Alice a découvert à l’adolescence l’alcoolisme chronique de son père et les disputes avec sa mère qui en découlaient. Elle s’est rendu compte également de l’état dépressif de sa mère. Il s’avère alors que ce foyer si heureux pour elle, était en fait tourmenté par les tensions dues au mal-être des parents. Je lui fais part de mon étonnement concernant la distance entre son ressenti d’une enfance parfaite et le malaise familial qu’elle décrit. De quelle façon une petite fille peut-elle refouler à ce point une réalité si douloureuse ?
Alice a trouvé de solides appuis auprès de ses maîtres d’école et dans le travail scolaire. Elle était une brillante élève et s’est toujours sentie très heureuse en classe. Cette identification aux maîtres lui a permis de tirer un rideau sur la faille familiale, mais, par la même occasion, l’a empêchée d’en saisir toute la dimension angoissante. C’est en s’interrogeant sur le sens de son angoisse qu’elle commence à révéler dans les séances l’objet qui en est la cause. Ses parents ont traité leur propre angoisse en l’étouffant par un excès d’alcool et de médicaments. Elle a, durant son enfance, choisi à son tour de ne rien savoir et s’est réfugiée dans un monde imaginaire. C’est l’objet dans sa fonction de bouchon qu’Alice révèle par la description d’une enfance rêvée, dont peu de souvenirs et d’affects demeurent. C’est justement ce qui semble ébranlé lorsque son amoureux la quitte, provoquant ce qui ressemble à un passage à l’acte : quitter sa ville natale.
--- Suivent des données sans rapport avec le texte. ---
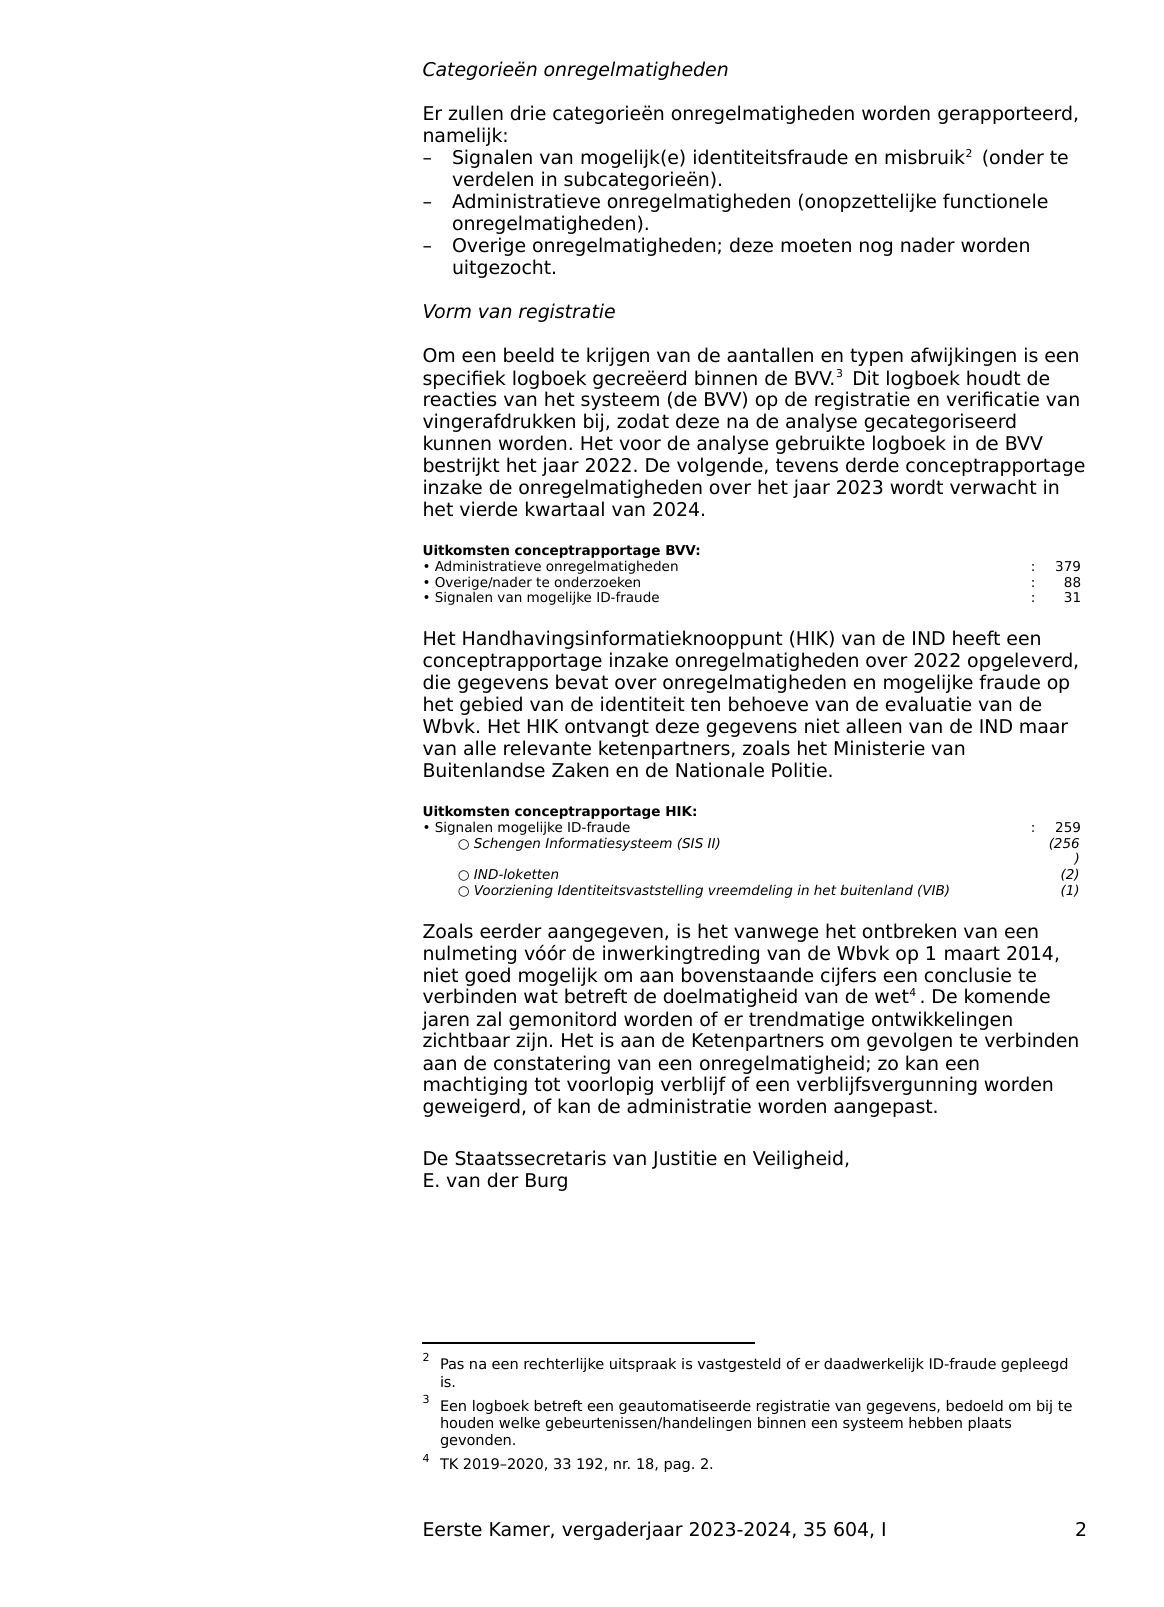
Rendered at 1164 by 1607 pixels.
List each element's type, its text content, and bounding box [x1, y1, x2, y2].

table_header Uitkomsten conceptrapportage HIK: [422, 804, 1087, 820]
text – Overige onregelmatigheden; deze moeten nog nader worden uitgezocht. [422, 235, 1087, 279]
table_cell • Signalen mogelijke ID-fraude [422, 820, 1024, 835]
subtitle Categorieën onregelmatigheden [422, 59, 1087, 81]
table_header Uitkomsten conceptrapportage BVV: [422, 543, 1087, 559]
table_cell 259 [1039, 820, 1087, 835]
table_cell : [1025, 575, 1039, 590]
table_cell : [1025, 590, 1039, 606]
table_cell • Signalen van mogelijke ID-fraude [422, 590, 1024, 606]
text Een logboek betreft een geautomatiseerde registratie van gegevens, bedoeld om bij te houden welke gebeurtenissen/handelingen binnen een systeem hebben plaats gevonden. [422, 1393, 1087, 1449]
text De Staatssecretaris van Justitie en Veiligheid, E. van der Burg [422, 1148, 1087, 1192]
table_cell 31 [1039, 590, 1087, 606]
table_cell ○ Voorziening Identiteitsvaststelling vreemdeling in het buitenland (VIB) [452, 883, 1024, 898]
table_cell (2) [1039, 867, 1087, 883]
table_cell : [1025, 559, 1039, 574]
table_cell 379 [1039, 559, 1087, 574]
text – Signalen van mogelijk(e) identiteitsfraude en misbruik (onder te verdelen in subcategorieën). [422, 147, 1087, 191]
text Zoals eerder aangegeven, is het vanwege het ontbreken van een nulmeting vóór de inwerkingtreding van de Wbvk op 1 maart 2014, niet goed mogelijk om aan bovenstaande cijfers een conclusie te verbinden wat betreft de doelmatigheid van de wet. De komende jaren zal gemonitord worden of er trendmatige ontwikkelingen zichtbaar zijn. Het is aan de Ketenpartners om gevolgen te verbinden aan de constatering van een onregelmatigheid; zo kan een machtiging tot voorlopig verblijf of een verblijfsvergunning worden geweigerd, of kan de administratie worden aangepast. [422, 921, 1087, 1118]
text – Administratieve onregelmatigheden (onopzettelijke functionele onregelmatigheden). [422, 191, 1087, 235]
table_cell • Overige/nader te onderzoeken [422, 575, 1024, 590]
subtitle Vorm van registratie [422, 301, 1087, 323]
table_cell (256) [1039, 835, 1087, 867]
table_cell [422, 867, 452, 883]
table_cell [1025, 883, 1039, 898]
text Pas na een rechterlijke uitspraak is vastgesteld of er daadwerkelijk ID-fraude gepleegd is. [422, 1352, 1087, 1391]
text Om een beeld te krijgen van de aantallen en typen afwijkingen is een specifiek logboek gecreëerd binnen de BVV. Dit logboek houdt de reacties van het systeem (de BVV) op de registratie en verificatie van vingerafdrukken bij, zodat deze na de analyse gecategoriseerd kunnen worden. Het voor de analyse gebruikte logboek in de BVV bestrijkt het jaar 2022. De volgende, tevens derde conceptrapportage inzake de onregelmatigheden over het jaar 2023 wordt verwacht in het vierde kwartaal van 2024. [422, 345, 1087, 521]
table_cell (1) [1039, 883, 1087, 898]
text TK 2019–2020, 33 192, nr. 18, pag. 2. [422, 1452, 1087, 1474]
table_cell [1025, 867, 1039, 883]
table_cell : [1025, 820, 1039, 835]
table_cell • Administratieve onregelmatigheden [422, 559, 1024, 574]
table_cell 88 [1039, 575, 1087, 590]
text Er zullen drie categorieën onregelmatigheden worden gerapporteerd, namelijk: [422, 103, 1087, 147]
table_cell [1025, 835, 1039, 867]
table_cell ○ Schengen Informatiesysteem (SIS II) [452, 835, 1024, 867]
table_cell [422, 883, 452, 898]
table_cell [422, 835, 452, 867]
table_cell ○ IND-loketten [452, 867, 1024, 883]
text Het Handhavingsinformatieknooppunt (HIK) van de IND heeft een conceptrapportage inzake onregelmatigheden over 2022 opgeleverd, die gegevens bevat over onregelmatigheden en mogelijke fraude op het gebied van de identiteit ten behoeve van de evaluatie van de Wbvk. Het HIK ontvangt deze gegevens niet alleen van de IND maar van alle relevante ketenpartners, zoals het Ministerie van Buitenlandse Zaken en de Nationale Politie. [422, 628, 1087, 782]

Elle, qui a vécu son enfance sans subjectiver la rupture familiale intime, n’a pu, au moment où elle est quittée par un homme, que s’éloigner sans questionner cette rupture.
Jacques-Alain Miller précise que l’apparition de l’angoisse survient « quand il y a objet et quand il y a trop d’objets »[2]. Nous pouvons supposer que l’angoisse surgit chez cette patiente lorsque ceux dont elle s’est séparée font irruption soudainement. La présence chez elle des parents semble faire apparaître l’horreur dont Alice s’efforce de s’écarter depuis l’enfance. La levée de ce qui occulte la maladie des parents provoque l’angoisse en faisant apparaître son objet. C’est en parlant de ce qui l’angoisse, au lieu de le cacher ou de s’en séparer, qu’Alice commence à repérer le décalage entre son monde imaginaire et la réalité, et à se sentir ainsi apaisée.
Ouverture
Alice a trouvé au CPCT une façon d’apaiser son angoisse en la traitant par le signifiant. Ce parcours lui a permis d’apercevoir ce qu’elle rejetait jusque-là. L’envie de savoir qui se fait jour la conduit alors à vouloir entreprendre une analyse.
[1] Lacan J., Le Séminaire, livre X, L’angoisse, Paris, Seuil, 2004.
[2] Miller J.-A., « Introduction à la lecture du Séminaire L’angoisse de Jacques Lacan », La Cause freudienne, Paris, Navarin/Seuil n° 59, 2005, p. 80.